* _Directions_: Which of the lines below hold the word "cyan"? Pull each of them out.

* _Available data_:
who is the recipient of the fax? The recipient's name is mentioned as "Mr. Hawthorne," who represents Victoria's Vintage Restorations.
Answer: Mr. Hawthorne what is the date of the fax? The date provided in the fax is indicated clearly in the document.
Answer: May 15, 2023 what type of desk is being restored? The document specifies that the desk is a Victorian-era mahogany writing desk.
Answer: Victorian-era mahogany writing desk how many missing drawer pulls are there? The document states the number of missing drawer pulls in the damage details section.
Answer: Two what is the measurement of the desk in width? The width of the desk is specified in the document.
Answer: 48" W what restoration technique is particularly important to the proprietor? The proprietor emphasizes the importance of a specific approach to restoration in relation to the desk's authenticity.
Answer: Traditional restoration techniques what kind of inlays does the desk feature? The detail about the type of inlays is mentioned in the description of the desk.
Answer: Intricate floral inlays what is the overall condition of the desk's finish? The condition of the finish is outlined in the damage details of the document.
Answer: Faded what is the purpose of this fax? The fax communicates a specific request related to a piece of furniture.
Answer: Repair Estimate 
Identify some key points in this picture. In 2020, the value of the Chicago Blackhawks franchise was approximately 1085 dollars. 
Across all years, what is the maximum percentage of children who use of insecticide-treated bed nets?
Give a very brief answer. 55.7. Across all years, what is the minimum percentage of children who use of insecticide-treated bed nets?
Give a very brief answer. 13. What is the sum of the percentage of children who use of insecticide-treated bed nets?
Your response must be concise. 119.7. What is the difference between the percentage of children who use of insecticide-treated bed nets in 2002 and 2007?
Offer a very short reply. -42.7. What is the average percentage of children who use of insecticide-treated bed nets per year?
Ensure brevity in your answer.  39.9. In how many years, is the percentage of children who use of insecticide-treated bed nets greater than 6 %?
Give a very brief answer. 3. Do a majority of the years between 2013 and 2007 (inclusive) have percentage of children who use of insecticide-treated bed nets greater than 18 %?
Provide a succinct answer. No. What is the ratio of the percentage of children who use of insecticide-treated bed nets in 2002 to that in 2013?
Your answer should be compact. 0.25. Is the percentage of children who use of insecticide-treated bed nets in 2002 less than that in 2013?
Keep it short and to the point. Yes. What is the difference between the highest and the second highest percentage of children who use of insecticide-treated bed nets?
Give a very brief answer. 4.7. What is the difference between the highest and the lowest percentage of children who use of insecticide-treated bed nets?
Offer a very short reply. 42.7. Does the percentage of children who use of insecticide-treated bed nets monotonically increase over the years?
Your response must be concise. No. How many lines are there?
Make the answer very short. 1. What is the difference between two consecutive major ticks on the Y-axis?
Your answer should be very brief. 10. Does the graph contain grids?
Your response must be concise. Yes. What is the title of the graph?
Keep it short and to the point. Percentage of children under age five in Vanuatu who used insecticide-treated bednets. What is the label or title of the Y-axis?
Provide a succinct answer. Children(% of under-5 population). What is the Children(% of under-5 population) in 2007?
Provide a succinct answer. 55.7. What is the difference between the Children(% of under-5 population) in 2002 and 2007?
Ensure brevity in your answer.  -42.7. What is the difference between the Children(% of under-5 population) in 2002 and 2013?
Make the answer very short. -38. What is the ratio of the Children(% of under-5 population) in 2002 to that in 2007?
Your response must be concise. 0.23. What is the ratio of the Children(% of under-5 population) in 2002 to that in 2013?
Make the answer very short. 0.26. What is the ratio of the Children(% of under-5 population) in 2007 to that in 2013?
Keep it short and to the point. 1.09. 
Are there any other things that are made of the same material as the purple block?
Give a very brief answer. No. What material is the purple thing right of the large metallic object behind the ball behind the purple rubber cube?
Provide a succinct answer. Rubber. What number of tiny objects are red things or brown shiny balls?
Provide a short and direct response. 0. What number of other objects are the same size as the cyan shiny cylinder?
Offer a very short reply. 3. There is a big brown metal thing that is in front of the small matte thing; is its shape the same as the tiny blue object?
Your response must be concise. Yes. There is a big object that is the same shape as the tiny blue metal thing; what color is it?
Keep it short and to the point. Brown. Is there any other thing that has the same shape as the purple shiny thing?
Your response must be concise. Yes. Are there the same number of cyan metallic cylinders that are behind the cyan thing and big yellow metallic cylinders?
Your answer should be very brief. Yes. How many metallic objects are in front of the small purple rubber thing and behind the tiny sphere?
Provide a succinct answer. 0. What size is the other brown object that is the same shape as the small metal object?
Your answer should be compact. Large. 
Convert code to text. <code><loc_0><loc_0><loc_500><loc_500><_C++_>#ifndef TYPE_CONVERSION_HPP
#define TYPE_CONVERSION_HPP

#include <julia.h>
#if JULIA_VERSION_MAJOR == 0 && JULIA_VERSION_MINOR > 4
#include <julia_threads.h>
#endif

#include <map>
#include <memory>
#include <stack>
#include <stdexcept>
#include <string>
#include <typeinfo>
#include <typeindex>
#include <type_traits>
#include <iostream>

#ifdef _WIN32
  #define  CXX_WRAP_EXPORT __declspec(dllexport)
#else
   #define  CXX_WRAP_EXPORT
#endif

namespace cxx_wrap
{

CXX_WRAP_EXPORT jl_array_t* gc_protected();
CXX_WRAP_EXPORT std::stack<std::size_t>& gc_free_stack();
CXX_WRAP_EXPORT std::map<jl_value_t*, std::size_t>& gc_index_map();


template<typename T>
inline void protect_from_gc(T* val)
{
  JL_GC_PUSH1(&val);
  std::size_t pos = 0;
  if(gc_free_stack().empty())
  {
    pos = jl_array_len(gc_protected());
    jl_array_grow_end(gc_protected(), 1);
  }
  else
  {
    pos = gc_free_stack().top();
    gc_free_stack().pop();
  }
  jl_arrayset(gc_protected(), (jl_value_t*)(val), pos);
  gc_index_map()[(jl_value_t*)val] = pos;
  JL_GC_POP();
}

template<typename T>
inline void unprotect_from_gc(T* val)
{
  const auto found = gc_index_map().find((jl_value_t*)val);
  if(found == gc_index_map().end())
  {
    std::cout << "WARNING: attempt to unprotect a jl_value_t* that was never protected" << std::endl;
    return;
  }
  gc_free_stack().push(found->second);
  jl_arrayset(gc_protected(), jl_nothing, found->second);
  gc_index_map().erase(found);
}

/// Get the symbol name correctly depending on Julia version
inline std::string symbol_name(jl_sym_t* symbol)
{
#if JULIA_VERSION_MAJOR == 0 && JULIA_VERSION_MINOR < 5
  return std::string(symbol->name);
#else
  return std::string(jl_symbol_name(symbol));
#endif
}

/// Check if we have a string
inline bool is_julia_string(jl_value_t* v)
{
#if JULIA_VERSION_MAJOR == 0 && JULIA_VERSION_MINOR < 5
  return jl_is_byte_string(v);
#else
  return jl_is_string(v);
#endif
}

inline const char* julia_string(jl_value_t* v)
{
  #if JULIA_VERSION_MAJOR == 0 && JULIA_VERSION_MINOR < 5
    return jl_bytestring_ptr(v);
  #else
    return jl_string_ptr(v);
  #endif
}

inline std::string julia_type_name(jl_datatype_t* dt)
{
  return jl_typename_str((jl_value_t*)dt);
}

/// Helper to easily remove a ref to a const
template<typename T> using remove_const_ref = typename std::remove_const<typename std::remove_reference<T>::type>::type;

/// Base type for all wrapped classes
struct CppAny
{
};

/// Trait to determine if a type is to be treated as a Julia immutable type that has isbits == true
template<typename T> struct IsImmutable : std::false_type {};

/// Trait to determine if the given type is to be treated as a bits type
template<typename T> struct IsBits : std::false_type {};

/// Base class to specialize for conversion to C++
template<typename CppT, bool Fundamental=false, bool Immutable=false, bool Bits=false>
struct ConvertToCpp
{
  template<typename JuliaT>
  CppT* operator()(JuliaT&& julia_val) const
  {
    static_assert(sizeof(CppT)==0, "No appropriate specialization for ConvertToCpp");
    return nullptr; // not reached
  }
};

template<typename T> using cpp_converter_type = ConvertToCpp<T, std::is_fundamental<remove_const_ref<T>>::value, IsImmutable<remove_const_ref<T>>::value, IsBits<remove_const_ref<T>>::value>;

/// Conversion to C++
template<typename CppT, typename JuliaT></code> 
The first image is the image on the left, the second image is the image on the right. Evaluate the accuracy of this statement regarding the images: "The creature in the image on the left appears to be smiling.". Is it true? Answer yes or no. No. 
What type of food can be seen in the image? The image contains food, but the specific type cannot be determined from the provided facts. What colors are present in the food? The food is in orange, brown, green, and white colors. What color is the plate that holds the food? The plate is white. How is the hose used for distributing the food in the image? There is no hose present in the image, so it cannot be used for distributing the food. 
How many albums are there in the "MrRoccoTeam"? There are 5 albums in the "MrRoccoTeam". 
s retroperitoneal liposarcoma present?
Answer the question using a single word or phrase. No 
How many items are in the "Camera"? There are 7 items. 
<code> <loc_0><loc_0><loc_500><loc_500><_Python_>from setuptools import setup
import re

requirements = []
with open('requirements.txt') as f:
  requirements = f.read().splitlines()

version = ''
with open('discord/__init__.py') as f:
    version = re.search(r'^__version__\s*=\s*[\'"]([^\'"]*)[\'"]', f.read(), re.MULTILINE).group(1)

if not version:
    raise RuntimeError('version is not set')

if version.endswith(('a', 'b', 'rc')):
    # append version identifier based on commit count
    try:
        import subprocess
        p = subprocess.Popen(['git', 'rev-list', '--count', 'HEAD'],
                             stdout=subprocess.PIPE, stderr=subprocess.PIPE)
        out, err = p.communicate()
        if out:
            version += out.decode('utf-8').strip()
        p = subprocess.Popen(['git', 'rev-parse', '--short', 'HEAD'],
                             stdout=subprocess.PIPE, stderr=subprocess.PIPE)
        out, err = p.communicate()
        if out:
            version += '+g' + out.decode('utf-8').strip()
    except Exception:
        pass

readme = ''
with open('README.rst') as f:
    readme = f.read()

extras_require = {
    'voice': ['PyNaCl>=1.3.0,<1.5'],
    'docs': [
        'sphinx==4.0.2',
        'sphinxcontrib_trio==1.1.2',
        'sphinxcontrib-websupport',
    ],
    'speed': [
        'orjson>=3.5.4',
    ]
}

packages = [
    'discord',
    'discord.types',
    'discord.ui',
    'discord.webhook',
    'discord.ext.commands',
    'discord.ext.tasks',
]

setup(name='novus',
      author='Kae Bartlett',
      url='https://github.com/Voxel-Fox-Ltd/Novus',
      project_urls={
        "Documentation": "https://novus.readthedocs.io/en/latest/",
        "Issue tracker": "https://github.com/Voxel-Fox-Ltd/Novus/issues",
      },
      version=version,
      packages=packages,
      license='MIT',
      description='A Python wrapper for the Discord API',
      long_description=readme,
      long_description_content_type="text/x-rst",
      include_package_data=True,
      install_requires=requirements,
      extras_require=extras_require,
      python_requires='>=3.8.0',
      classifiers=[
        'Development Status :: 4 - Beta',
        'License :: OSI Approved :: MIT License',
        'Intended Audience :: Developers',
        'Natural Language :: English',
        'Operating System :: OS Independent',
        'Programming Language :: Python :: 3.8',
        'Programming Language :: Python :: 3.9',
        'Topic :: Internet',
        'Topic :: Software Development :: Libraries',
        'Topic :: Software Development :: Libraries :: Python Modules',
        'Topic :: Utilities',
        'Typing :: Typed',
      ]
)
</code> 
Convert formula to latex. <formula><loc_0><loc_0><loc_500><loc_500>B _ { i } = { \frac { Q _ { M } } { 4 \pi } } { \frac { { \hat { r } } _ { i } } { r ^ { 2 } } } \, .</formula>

* _The completed task_:
Provide a short and direct response. 0. What number of other objects are the same size as the cyan shiny cylinder?
Your response must be concise. Yes. Are there the same number of cyan metallic cylinders that are behind the cyan thing and big yellow metallic cylinders?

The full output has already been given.